他双眼翻白,喉咙里发出嗬嗬的怪声,就像一条濒死的疯狗,猛地从地上窜起来,想要扑过来掐我的脖子。
“贱人!我杀了你!我跟你拼了。”
砰!
一声闷响。
还没等他碰到我的衣角,两名黑衣保镖已经一脚踹在他的膝弯上。
令人牙酸的骨裂声响起,林浩的双腿呈现出极其扭曲的姿态,整个人如同断了线的风筝一样重重砸在地上。
紧接着,保镖毫不留情地踩断了他的两条胳膊。
惨绝人寰的嚎叫声穿透了柏悦酒店的穹顶。
全场大佬无不头皮发麻,纷纷别过脸去,连呼吸都吓停了。
贺太太嫌恶地拿出一块丝帕,擦了擦手,随口吩咐道:
“把这不知死活的东西,还有那个丢人现眼的老东西,一起装进麻袋里,扔到开往公海的偷渡船上。”

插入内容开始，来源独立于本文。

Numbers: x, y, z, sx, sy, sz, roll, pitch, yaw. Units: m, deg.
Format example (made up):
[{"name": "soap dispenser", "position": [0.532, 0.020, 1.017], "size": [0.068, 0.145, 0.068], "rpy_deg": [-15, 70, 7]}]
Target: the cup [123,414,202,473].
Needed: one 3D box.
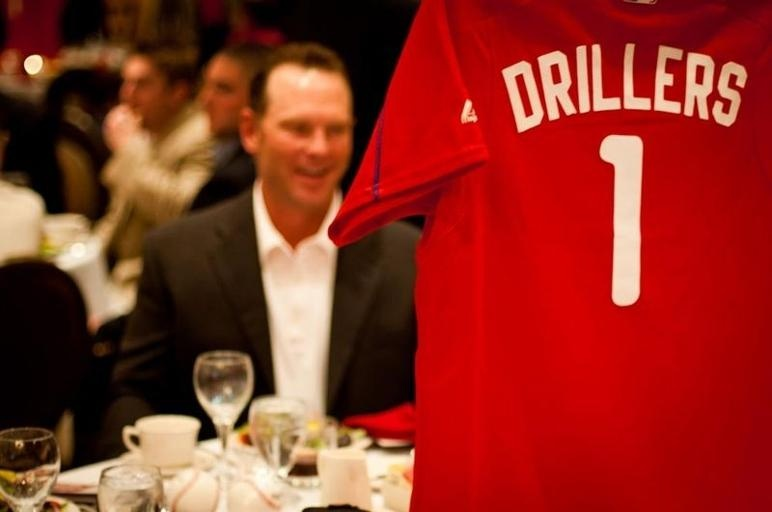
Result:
[{"name": "cup", "position": [-0.597, 0.502, 2.037], "size": [0.181, 0.128, 0.150], "rpy_deg": [4, 2, -19]}]

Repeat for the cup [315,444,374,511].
[{"name": "cup", "position": [-0.098, 0.520, 1.844], "size": [0.131, 0.135, 0.130], "rpy_deg": [-2, -7, 0]}]

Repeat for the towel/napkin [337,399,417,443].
[{"name": "towel/napkin", "position": [-0.018, 0.451, 2.127], "size": [0.140, 0.061, 0.106], "rpy_deg": [-3, -1, 19]}]

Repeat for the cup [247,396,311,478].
[{"name": "cup", "position": [-0.262, 0.461, 2.004], "size": [0.142, 0.226, 0.150], "rpy_deg": [2, 6, 0]}]
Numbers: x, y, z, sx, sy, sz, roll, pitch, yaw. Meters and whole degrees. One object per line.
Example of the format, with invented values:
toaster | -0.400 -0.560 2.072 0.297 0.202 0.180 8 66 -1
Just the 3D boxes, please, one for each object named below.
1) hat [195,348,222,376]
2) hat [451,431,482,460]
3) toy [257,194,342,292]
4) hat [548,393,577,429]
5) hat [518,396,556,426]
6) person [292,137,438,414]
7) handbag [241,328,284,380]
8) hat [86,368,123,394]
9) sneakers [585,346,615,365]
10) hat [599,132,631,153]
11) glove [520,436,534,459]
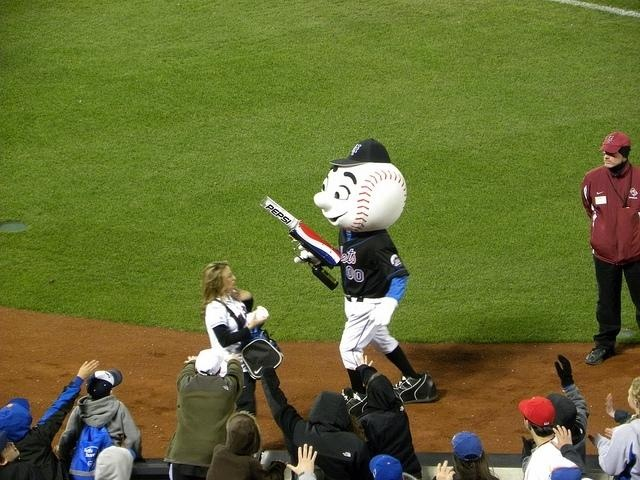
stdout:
hat | -1.174 1.312 10.164 0.281 0.303 0.417 5 -11 -7
hat | 1.405 2.008 9.367 0.210 0.169 0.291 -5 26 -4
toy | -0.282 0.140 13.405 1.693 0.691 0.385 41 10 -3
hat | 2.446 1.718 9.646 0.220 0.347 0.347 2 -24 17
hat | 2.157 1.659 9.547 0.298 0.233 0.411 -4 29 -11
person | 0.633 0.370 11.171 1.409 2.950 0.790 11 -13 -37
handbag | -0.623 1.225 10.304 0.387 0.558 0.788 7 -12 -20
hat | -2.226 1.493 10.052 0.367 0.230 0.192 10 -13 -31
sneakers | 3.542 1.451 12.216 0.433 0.186 0.162 -17 25 -31
hat | 3.645 -1.178 11.760 0.412 0.228 0.280 -7 12 -27
glove | 2.097 2.135 9.745 0.113 0.221 0.399 1 -11 13
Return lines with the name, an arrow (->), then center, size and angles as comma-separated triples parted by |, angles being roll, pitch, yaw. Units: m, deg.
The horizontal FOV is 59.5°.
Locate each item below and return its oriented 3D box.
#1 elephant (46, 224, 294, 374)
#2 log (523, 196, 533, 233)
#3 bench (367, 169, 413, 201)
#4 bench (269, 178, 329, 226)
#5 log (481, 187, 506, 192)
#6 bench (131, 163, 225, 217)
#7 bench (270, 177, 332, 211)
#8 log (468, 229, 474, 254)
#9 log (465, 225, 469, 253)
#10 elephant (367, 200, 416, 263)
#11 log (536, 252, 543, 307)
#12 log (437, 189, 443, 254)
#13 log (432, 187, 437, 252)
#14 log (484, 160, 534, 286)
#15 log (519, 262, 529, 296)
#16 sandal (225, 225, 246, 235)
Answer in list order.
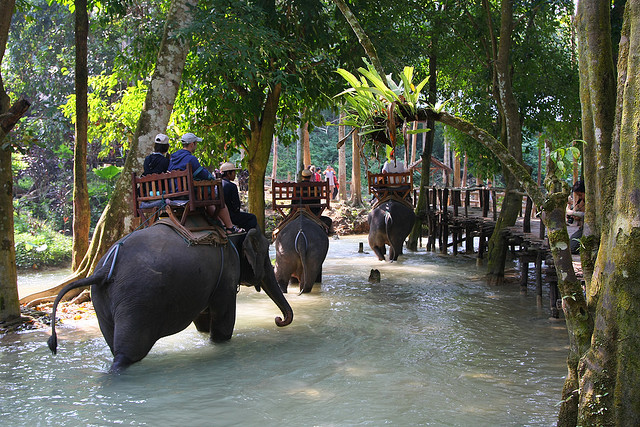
elephant -> -1.847, 0.953, 8.195 | 1.547, 2.085, 3.770 | 4, 6, 44
log -> 4.320, 0.028, 11.632 | 0.156, 0.759, 1.029 | 3, 7, 20
bench -> 1.957, -0.797, 15.351 | 0.964, 0.652, 1.033 | 0, -6, 2
bench -> -0.360, -0.134, 12.127 | 1.192, 1.033, 1.374 | -2, -8, 4
log -> 4.308, -0.583, 13.523 | 0.068, 0.143, 0.682 | 11, -2, -29
bench -> -1.936, -0.340, 7.625 | 1.057, 0.625, 0.693 | -5, 0, -20
bench -> -0.404, -0.419, 12.040 | 1.156, 0.580, 1.638 | 1, 6, -2
log -> 4.953, 0.909, 18.345 | 0.099, 0.884, 0.937 | 3, 7, 21
log -> 4.759, 0.864, 18.093 | 0.143, 0.920, 0.767 | 3, 7, 15
elephant -> 1.946, 0.454, 15.063 | 1.061, 1.633, 0.870 | -2, 7, -23
log -> 4.145, 1.234, 10.530 | 0.117, 1.071, 0.351 | 4, 7, 24
log -> 4.011, 0.234, 18.614 | 0.208, 2.104, 0.853 | 2, 7, 12
log -> 3.919, 0.239, 19.115 | 0.157, 2.081, 0.645 | 2, 7, 12
log -> 4.421, 0.065, 13.045 | 0.475, 3.286, 0.593 | 12, -10, -6
log -> 4.176, 1.332, 11.448 | 0.132, 0.744, 0.367 | 3, 7, 18
sandal -> -1.285, 0.260, 8.548 | 0.284, 0.123, 0.097 | -3, 4, -29

“六千万,少一分,就剁他们一根指头,寄回给他们老家的父母。”
“是,太太。”
保镖面无表情地拖起像死狗一样惨叫的林浩,以及早已吓得昏死过去的贺老板,像拖垃圾一样往外走去。
林浩在地上拖出了一条长长的水痕和血迹。
直到他被扔出大门的那一刻,他那双充满悔恨和绝望的眼睛,还在死死盯着我。
可惜,这个世界上没有后悔药。
做漏勺精,是要付出代价的。
造黄谣,更是会死人的。
大厅里的血腥味还没散去。
贺太太转过身,凌厉的目光环视全场。
刚刚还耀武扬威的张经理,此刻已经吓得瘫软在椅子底下,连个屁都不敢放。
贺太太走到我面前,眼底的冷意稍微褪去了一些,破天荒地露出了一丝赞赏的笑意。
“许小姐,好手段,够聪明,也够狠。”
贺太太是个在刀光剑影里滚过来的女人,她怎么可能看不出这一切都是我做的局?
但我不仅没有侵害她的利益,反而帮她揪出了内鬼,找到了转移资产的铁证。
“这六千万的担保合同虽然作废了,但我贺家在内地的正规生意,还有两三个亿的盘子。”
贺太太从包里拿出一张烫金的名片,亲自递到我手里。
“锐锋这种容不下真龙的小池塘,配不上你。
如果你愿意,明天来澳门找我,这三个亿的盘子,交给你来操刀。”
全场再次倒吸一口凉气。
所有同行看向我的眼神,从刚才的看戏,瞬间变成了极度的狂热和敬畏!
那是黑道大嫂亲自抛出的橄榄枝!
三个亿的单子,足以让我在这个行业里瞬间封神!
我微笑着接过名片,不卑不亢地伸出手:
“贺太太放心,许宁绝不辱命。”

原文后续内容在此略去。